The invention relates to the technical field of an integrated circuit, and in particular to a non-overshoot starting circuit for a wide power band gap reference source. The starting process is divided into two stages, the first stage is an enabling control start process, the initial stage of the second stage is combined with a two-stage load pipe in an operational amplifier to form a feedback loop, and output current is adjusted to be within a non-overshoot controllable range, so that non-ideal overshoot phenomenon in the start process is effectively avoided; meanwhile, a current path is kept in the circuit, so that the circuit enters a later stage to rapidly build reference voltage.

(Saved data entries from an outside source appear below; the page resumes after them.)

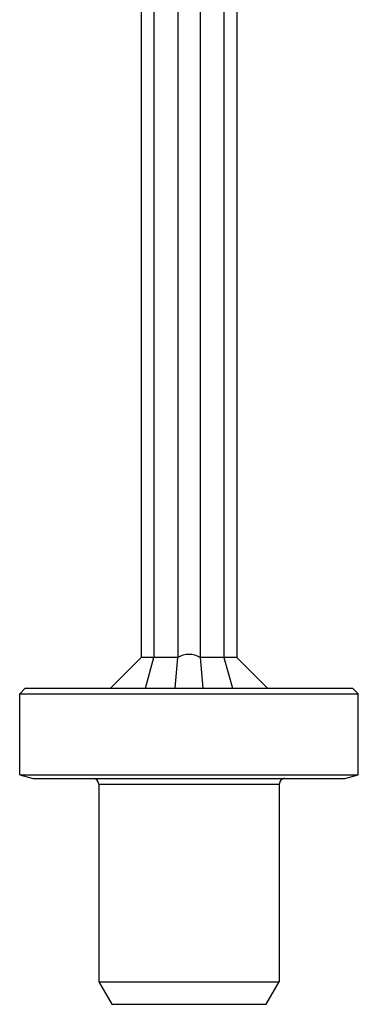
# Model space of a CAD drawing. Extents: x 117 to 632, y 106 to 545.
# Tile 1 of 8: x 129 to 159, y 242 to 329. Entities that reach past the tile are written whole.
import ezdxf

# ---------------------------------------------------------------- set-up
doc = ezdxf.new("R2010")
doc.units = 0
doc.layers.get('0').update_dxf_attribs({"linetype": 'CONTINUOUS'})

msp = doc.modelspace()

# ---------------------------------------------------------------- linework, layer by layer
at = {"color": 7, "linetype": 'CONTINUOUS'}
for p, q in [((140.023, 361.745), (140.023, 272.96)), ((141.172, 361.73), (141.172, 272.96)), ((143.291, 359.318), (143.291, 272.96)), ((145.255, 358.397), (145.255, 272.96)), ((147.374, 358.397), (147.374, 272.96)), ((148.523, 357.027), (148.523, 272.96)), ((137.311, 270.247), (140.023, 272.96)), ((141.172, 272.96), (140.023, 272.96)), ((140.408, 270.247), (141.172, 272.96)), ((143.291, 272.96), (141.172, 272.96)), ((143.049, 270.247), (143.291, 272.96)), ((147.374, 272.96), (145.255, 272.96)), ((145.255, 272.96), (145.498, 270.247)), ((148.523, 272.96), (147.374, 272.96)), ((147.374, 272.96), (148.139, 270.247)), ((148.523, 272.96), (151.236, 270.247)), ((129.273, 269.747), (129.773, 270.247)), ((129.273, 269.747), (144.273, 269.747)), ((129.273, 262.569), (129.273, 269.747)), ((129.773, 270.247), (144.273, 270.247)), ((144.273, 270.247), (158.773, 270.247)), ((144.273, 269.747), (159.273, 269.747)), ((159.273, 269.747), (158.773, 270.247)), ((159.273, 262.569), (159.273, 269.747)), ((129.273, 262.569), (144.273, 262.569)), ((129.273, 262.569), (130.473, 262.247)), ((144.273, 262.569), (159.273, 262.569)), ((158.073, 262.247), (159.273, 262.569)), ((130.473, 262.247), (144.273, 262.247)), ((136.273, 261.747), (136.273, 244.247)), ((136.273, 261.747), (144.273, 261.747)), ((144.273, 262.247), (158.073, 262.247)), ((144.273, 261.747), (152.273, 261.747)), ((152.273, 261.747), (152.273, 244.247)), ((136.273, 244.247), (144.273, 244.247)), ((136.273, 244.247), (137.428, 242.247)), ((144.273, 244.247), (152.273, 244.247)), ((151.119, 242.247), (152.273, 244.247)), ((137.428, 242.247), (144.273, 242.247)), ((144.273, 242.247), (151.119, 242.247))]:
    msp.add_line(p, q, dxfattribs=at)
for centre, radius, start, end in [((144.273, 271.416), 1.83, 57.53216, 122.46784), ((135.773, 261.747), 0.5, 0, 90), ((152.773, 261.747), 0.5, 89.99894, 180)]:
    msp.add_arc(centre, radius, start, end, dxfattribs=at)

doc.saveas('drawing.dxf')
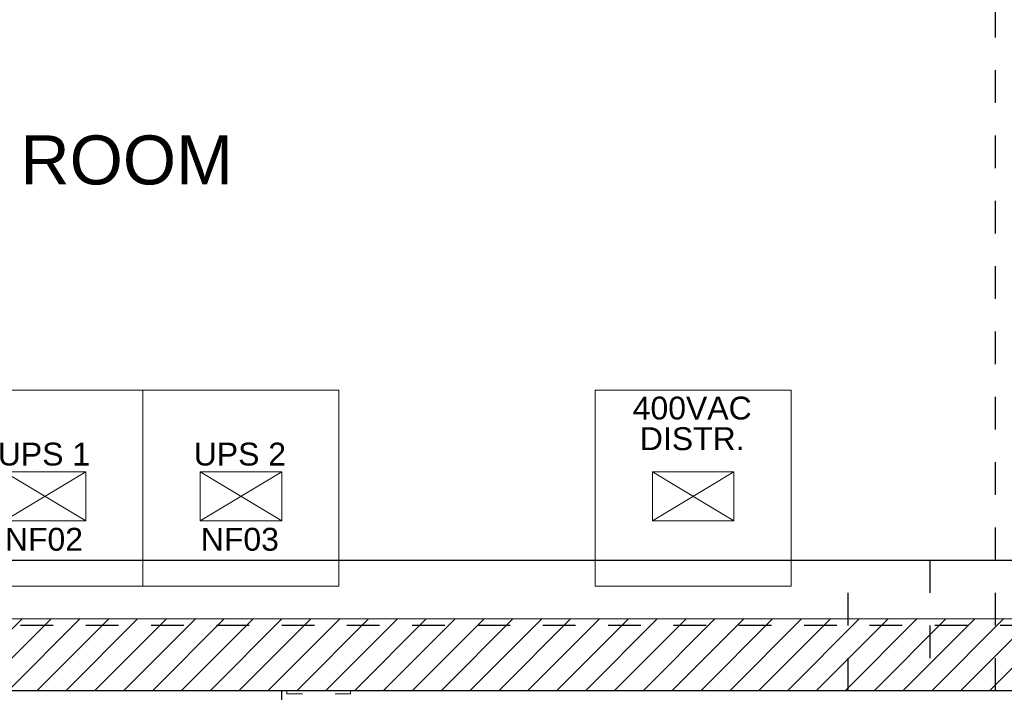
# Model space of a CAD drawing. Header units: metres. Extents: x 70279.8 to 70377.7, y 409251.8 to 409331.5.
# Tile 45 of 244: x 70320.2 to 70323.2, y 409290.8 to 409292.9. Entities that reach past the tile are written whole.
import ezdxf
from ezdxf.enums import TextEntityAlignment as Align

# ---------------------------------------------------------------- set-up
doc = ezdxf.new("R2010")
doc.units = ezdxf.units.M
for name, pattern in [('CENTER', [2, 1.25, -0.25, 0.25, -0.25]), ('CENTER2', [1.125, 0.75, -0.125, 0.125, -0.125]), ('DASHED', [0.75, 0.5, -0.25])]:
    doc.linetypes.add(name, pattern=pattern)
for name, color, linetype, lineweight in [('ARCERING', 2, 'Continuous', 18), ('CONTINUOUS', 7, 'Continuous', 18), ('Onderdeel', 2, 'Continuous', 0), ('OPENINGS', 7, 'Continuous', 18), ('TEKST', 1, 'Continuous', 18)]:
    doc.layers.add(name, color=color, linetype=linetype, lineweight=lineweight)
doc.layers.add('Concrete_ foundation', color=253, linetype='Continuous')
doc.layers.add('stairs&pedestrian', color=2, linetype='Continuous')
doc.styles.add('Arial', font='arial.ttf')

# ---------------------------------------------------------------- blocks, each defined once
blk = doc.blocks.new('*A156')
at = {"layer": 'Onderdeel', "linetype": 'Continuous', "lineweight": 0}
for p, q in [((737.3144144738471, -87.57613449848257), (737.3144144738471, -86.62613449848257)), ((737.3144144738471, -86.62613449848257), (737.514414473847, -86.62613449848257)), ((737.3144144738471, -90.52613449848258), (737.3144144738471, -89.57613449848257)), ((737.514414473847, -90.52613449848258), (737.3144144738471, -90.52613449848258))]:
    blk.add_line(p, q, dxfattribs=at)
blk = doc.blocks.new('Stairs&pedestrian_9.7.2017')
at = {"layer": 'stairs&pedestrian', "lineweight": 0, "xscale": 50, "yscale": 50, "zscale": 50, "rotation": 90}
blk.add_blockref('*A156', (4544.538941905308, -36875.7207236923), dxfattribs=at)
blk = doc.blocks.new('A$C0A444100')
at = {"layer": 'ARCERING'}
h = blk.add_hatch(dxfattribs=at)
h.set_pattern_fill('ANSI31', color=256, scale=500)
h.set_pattern_definition([(45, (-8839.999991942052, -7199.999993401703), (-44.19417382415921, 44.19417382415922), [])])
h.paths.add_polyline_path([(4283.000008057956, 1920.000006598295), (3284.000008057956, 1920.000006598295), (3284.000008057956, 1700.000006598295), (4283.000008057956, 1700.000006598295)])
h.paths.add_polyline_path([(7594.000008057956, 1920.000006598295), (5328.000008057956, 1920.000006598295), (5328.000008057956, 1700.000006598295), (7594.000008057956, 1700.000006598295)])
h.paths.add_polyline_path([(13703.00000805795, 1920.000006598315), (8639.000008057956, 1920.000006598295), (8639.000008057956, 1700.000006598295), (13703.00000805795, 1700.000006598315)])
at = {"layer": 'Concrete_ foundation', "linetype": 'CENTER2', "ltscale": 5}
blk.add_line((12345.00000805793, 8000.000006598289), (12345.00000805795, 1400.0000065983), dxfattribs=at)
at = {"layer": 'Concrete_ foundation', "linetype": 'DASHED', "ltscale": 3}
blk.add_line((12145.00000805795, 2100.000006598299), (12145.00000805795, 1700.000006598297), dxfattribs=at)
at = {"layer": 'Concrete_ foundation', "linetype": 'CENTER', "ltscale": 5}
blk.add_line((16460.00000805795, 1900.000006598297), (1000.000008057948, 1900.000006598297), dxfattribs=at)
at = {"layer": 'Concrete_ foundation'}
blk.add_lwpolyline([(15740.00000805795, 1700.000006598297), (6220.000073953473, 1700.000006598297), (6220.000073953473, 2100.000006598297), (15740.00000805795, 2100.000006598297), (15740.00000805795, 1700.000006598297)], dxfattribs=at)
at = {"layer": 'Concrete_ foundation', "linetype": 'DASHED', "ltscale": 3}
blk.add_lwpolyline([(12795.00000805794, 1700.000006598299), (11895.00000805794, 1700.000006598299), (11895.00000805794, 2100.000006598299), (12795.00000805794, 2100.000006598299), (12795.00000805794, 1700.000006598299)], dxfattribs=at)
at = {"layer": 'CONTINUOUS'}
for p, q in [((9135.000008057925, 2620.000006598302), (9735.000008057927, 2620.000006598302)), ((9735.000008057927, 2620.000006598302), (10335.00000805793, 2620.000006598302)), ((9735.000008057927, 2620.000006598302), (9735.000008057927, 2020.000006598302)), ((9735.000008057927, 2620.000006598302), (9735.000008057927, 2020.000006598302)), ((9735.000008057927, 2620.000006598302), (9735.000008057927, 2020.000006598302)), ((10335.00000805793, 2620.000006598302), (10335.00000805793, 2020.000006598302)), ((11720.00000805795, 2620.000006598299), (11120.00000805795, 2620.000006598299)), ((11120.00000805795, 2620.000006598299), (11120.00000805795, 2020.000006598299)), ((11720.00000805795, 2020.000006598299), (11720.00000805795, 2620.000006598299)), ((9735.000008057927, 2020.000006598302), (9135.000008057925, 2020.000006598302)), ((10335.00000805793, 2020.000006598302), (9735.000008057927, 2020.000006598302)), ((11120.00000805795, 2020.000006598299), (11720.00000805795, 2020.000006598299)), ((15940.00000805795, 1920.000006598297), (1520.000008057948, 1920.000006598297)), ((16160.00000805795, 1700.000006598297), (1300.000008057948, 1700.000006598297))]:
    blk.add_line(p, q, dxfattribs=at)
at = {"layer": 'OPENINGS', "ltscale": 5}
for p, q in [((9560.000008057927, 2220.0000065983), (9310.000008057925, 2370.0000065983)), ((9310.000008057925, 2220.0000065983), (9560.000008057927, 2370.0000065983)), ((10160.00000805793, 2220.0000065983), (9910.000008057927, 2370.0000065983)), ((9910.000008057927, 2220.0000065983), (10160.00000805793, 2370.0000065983)), ((11545.00000805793, 2220.000006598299), (11295.00000805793, 2370.000006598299)), ((11295.00000805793, 2220.000006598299), (11545.00000805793, 2370.000006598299))]:
    blk.add_line(p, q, dxfattribs=at)
for points in [[(9560.000008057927, 2370.0000065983), (9310.000008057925, 2370.0000065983), (9310.000008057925, 2220.0000065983), (9560.000008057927, 2220.0000065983)], [(10160.00000805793, 2370.0000065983), (9910.000008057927, 2370.0000065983), (9910.000008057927, 2220.0000065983), (10160.00000805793, 2220.0000065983)], [(11545.00000805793, 2370.000006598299), (11295.00000805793, 2370.000006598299), (11295.00000805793, 2220.000006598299), (11545.00000805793, 2220.000006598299)]]:
    blk.add_lwpolyline(points, close=True, dxfattribs=at)
at = {"layer": 'stairs&pedestrian'}
blk.add_blockref('Stairs&pedestrian_9.7.2017', (1300.000008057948, 1700.000006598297), dxfattribs=at)
at = {"layer": 'TEKST', "style": 'Arial'}
for s, height, p in [('ELECTRICAL ROOM', 150, (9010.000008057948, 3250.000006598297)), ('400VAC', 70, (11417.04057851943, 2530.265563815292)), ('DISTR.', 70, (11417.04057851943, 2436.523175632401)), ('UPS 1', 70, (9432.040578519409, 2389.379577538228)), ('UPS 2', 70, (10032.04057851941, 2389.379577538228)), ('NF02', 70, (9432.040578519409, 2128.578076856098)), ('NF03', 70, (10032.04057851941, 2128.578076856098))]:
    blk.add_text(s, height=height, dxfattribs=at).set_placement(p, align=Align.CENTER)

msp = doc.modelspace()

# ---------------------------------------------------------------- linework, layer by layer
msp.add_line((70327, 409290.8499999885), (70312.1400000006, 409290.8499999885))
at = {"ltscale": 5}
msp.add_line((70321, 409289.8499999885), (70321, 409290.8499999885), dxfattribs=at)

# ---------------------------------------------------------------- block references
at = {"xscale": 0.001, "yscale": 0.001, "zscale": 0.001}
msp.add_blockref('A$C0A444100', (70310.83999999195, 409289.1499999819), dxfattribs=at)

doc.saveas('drawing.dxf')

Due to existence of soft start of the feedback loop, the starting circuit is free of overshoot when being started at high voltage, and can ensure enough start current when being started at low voltage, so that the reference normally works. Thus, application of non-overshoot and wide power supply range is achieved. The starting circuit disclosed by the invention is particularly applied to the starting circuit for the wide power band gap reference source.

Description

A kind of start-up circuit for wide power band gap reference

Technical field

The present invention relates to technical field of integrated circuits, be specifically related to a kind of for wide power band gap reference without overshoot start-up circuit.

Background technology

Reference voltage source is component units module important in Analogous Integrated Electronic Circuits chip, for generation of the voltage reference not with supply voltage and temperature variation, for other circuit modules provide a reference voltage.Because reference voltage source is usually with two steady state (SS)s, in order to ensure the nonideality can breaking away from zero current after reference circuit powers on smoothly, reduce the harmful effect brought by offset voltage and offset current in power up, need design start-up circuit, after ensureing occurring a disturbance in reference circuit, circuit still can normally work, and after reference source normally works, start-up circuit cuts out and quits work.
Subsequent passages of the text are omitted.